Ansel Adams UC Berkeley Photographs Uncovered By Professor In Library Archive For New Exhibition (PHOTOS)

PHOTOS: Rare Ansel Adams Photos Uncovered At UC Berkeley

We know that a good, long look around your local library can uncover some surprisingly hidden gems.

But one UC Berkeley professor found a particularly shiny diamond in the rough: a collection of 605 signed Ansel Adams photographs of the university.

"I kept seeing the name Ansel Adams and thought 'what the heck is he doing all over the UC archives?'" said theater and dance professor Catherine Cole, who found the photographs, to the San Francisco Chronicle.

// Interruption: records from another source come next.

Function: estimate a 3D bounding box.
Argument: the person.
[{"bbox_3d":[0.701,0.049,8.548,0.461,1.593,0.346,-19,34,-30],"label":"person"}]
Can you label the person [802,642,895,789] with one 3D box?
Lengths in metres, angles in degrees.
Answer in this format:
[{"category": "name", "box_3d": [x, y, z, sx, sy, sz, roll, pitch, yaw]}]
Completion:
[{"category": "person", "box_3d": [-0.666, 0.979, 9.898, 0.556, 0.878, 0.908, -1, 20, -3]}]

Cole's curiosity reportedly led her to the school's Bancroft Library where the enormous collection of prints had quietly been stored since the 1960s.

"This is an extraordinary resource that has been buried like a time capsule," she told the Chronicle.

The Bancroft Library told The Huffington Post that the photographs were commissioned by former UC President Clark Kerr in 1967 for "Fiat Lux," a table book celebrating the educational system's centennial.

The aim of the book was to "emphasize the prospective view for the university and present a sense of the opportunities which lie ahead," wrote Kerr in a memo. The project spanned four years, nine campuses and 6,000 photographs--605 of which were taken at Berkeley.

To celebrate the rediscovery, UC Berkeley is exhibiting a selection of the images in the Bancroft Library Gallery through February.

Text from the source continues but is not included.